There is a mixed-race president in the White House, which, when combined with the economic crisis (still bad, but stabilized through government intervention), has created a volatile political environment. One need not search far on the internet for disgusting, racist screeds against the president with the “Muslim sounding name.” It would be foolish to discount the role white supremacy is playing in the congressional drama now going on.
Whether or not President Obama wins election this year, one thing is certain: Republican obstructionism, while silent during the Bush years, will not stop until Obama is out of office.
Colin Woodward is a historian and archivist. He is the author of Marching Masters, Slavery, Race, and the Confederate Army during the Civil War (University of Virginia Press, 2014). He is writing a second book on Johnny Cash.

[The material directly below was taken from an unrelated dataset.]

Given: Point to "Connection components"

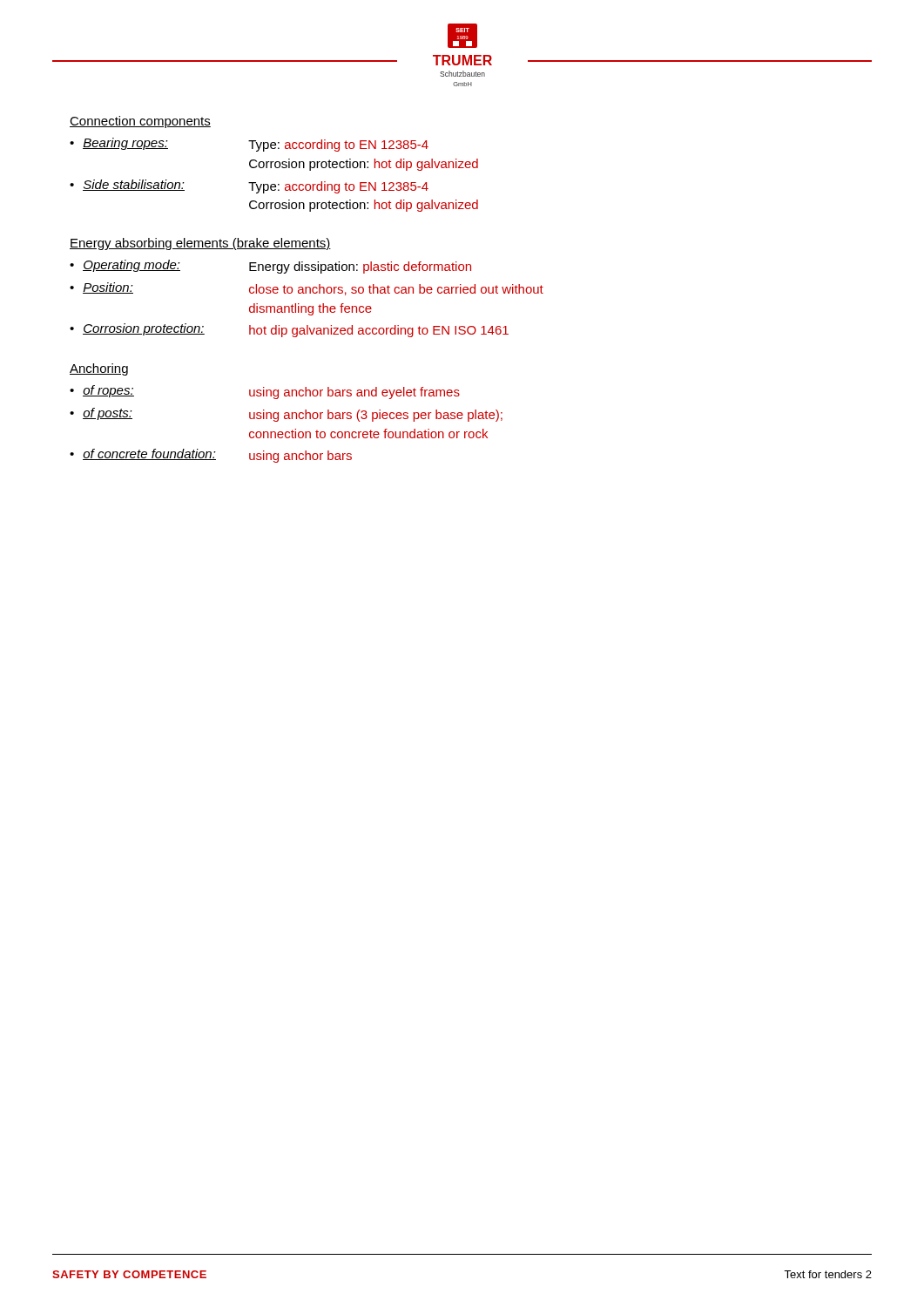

Hi there, love your blog. The fate of these Southern towns is indeed sad.
With regard to the above piece, however, it wasn’t only Southerners that profited from slavery. Northern banks were creditors for many of the larger plantations and planters often found themselves mired in debt. Some of those banks survive to this day. At least 20% of our cotton from the entire period was transshipped from Southern ports to the U.K. and Europe via Manhattan by the packet lines. The Governor’s Council in NYC wanted to secede from the U.S. too (at least before Fort Sumter)! Not only that but New England and Baltimore shipbuilders continued building slave ships for Spanish and Portuguese slavers as well as our own.

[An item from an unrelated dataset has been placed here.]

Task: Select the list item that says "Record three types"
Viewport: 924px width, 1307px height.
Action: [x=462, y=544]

Thanks for the compliment on the blog. You are right about the North and Europe being complicit in the illegal slave trade and profiting from slavery in many ways. Nineteenth century southerners were not shy about pointing this out either. Lincoln did so, too, in his second inaugural. There’s a lot of blame and moral hypocrisy to go around. Of course, just because the North had its hypocrites and opportunists doesn’t let the South off the hook. There were 200,000 abolitionists in the antebellum North and no meaningful abolitionism movement in the South. Lincoln wasn’t even an abolitionist and he had almost no serious support in the South in 1860.

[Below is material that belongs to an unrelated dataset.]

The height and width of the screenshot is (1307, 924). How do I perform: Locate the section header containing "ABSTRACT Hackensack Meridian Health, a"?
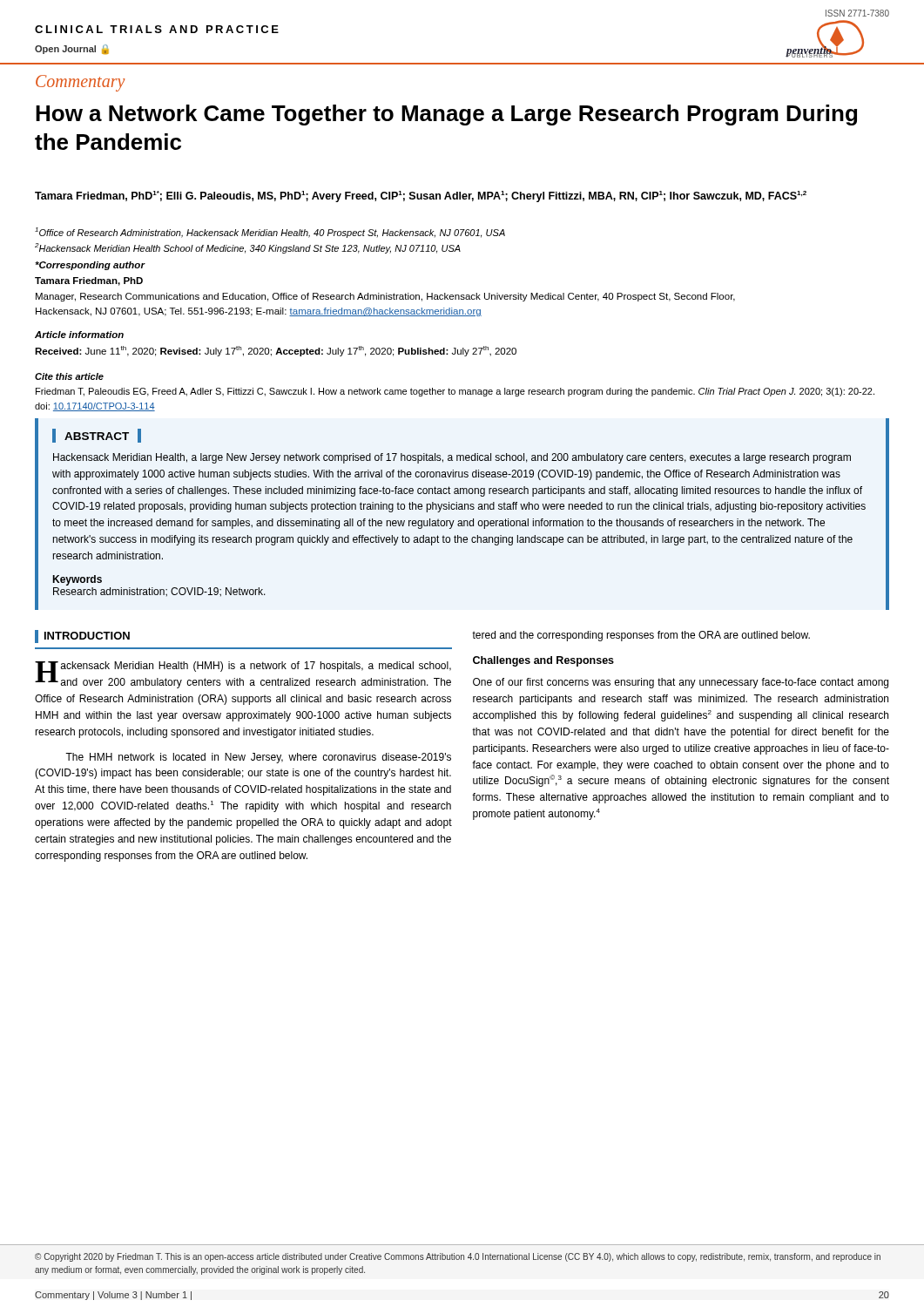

It is truly a great blog, keep it up! Lincoln didn’t have much support in the North either. He was a dark horse while Seward was the shoo-in. Stephen Douglas versus Lincoln was a battle between centrists. Before the cotton gin there were abolitionist societies in every state except Georgia and South Carolina. They dried up quickly down there after cotton became profitable.
You’re correct about the cotton revolution killing whatever abolitionist sentiment there was in the South. But Lincoln had quite a bit of support once nominated in 1860.Seward and others were deemed too anti-slavery to win the presidency. Lincoln won most of the vote in the North in November 1860. And the Republicans had a majority in Congress throughout his presidency.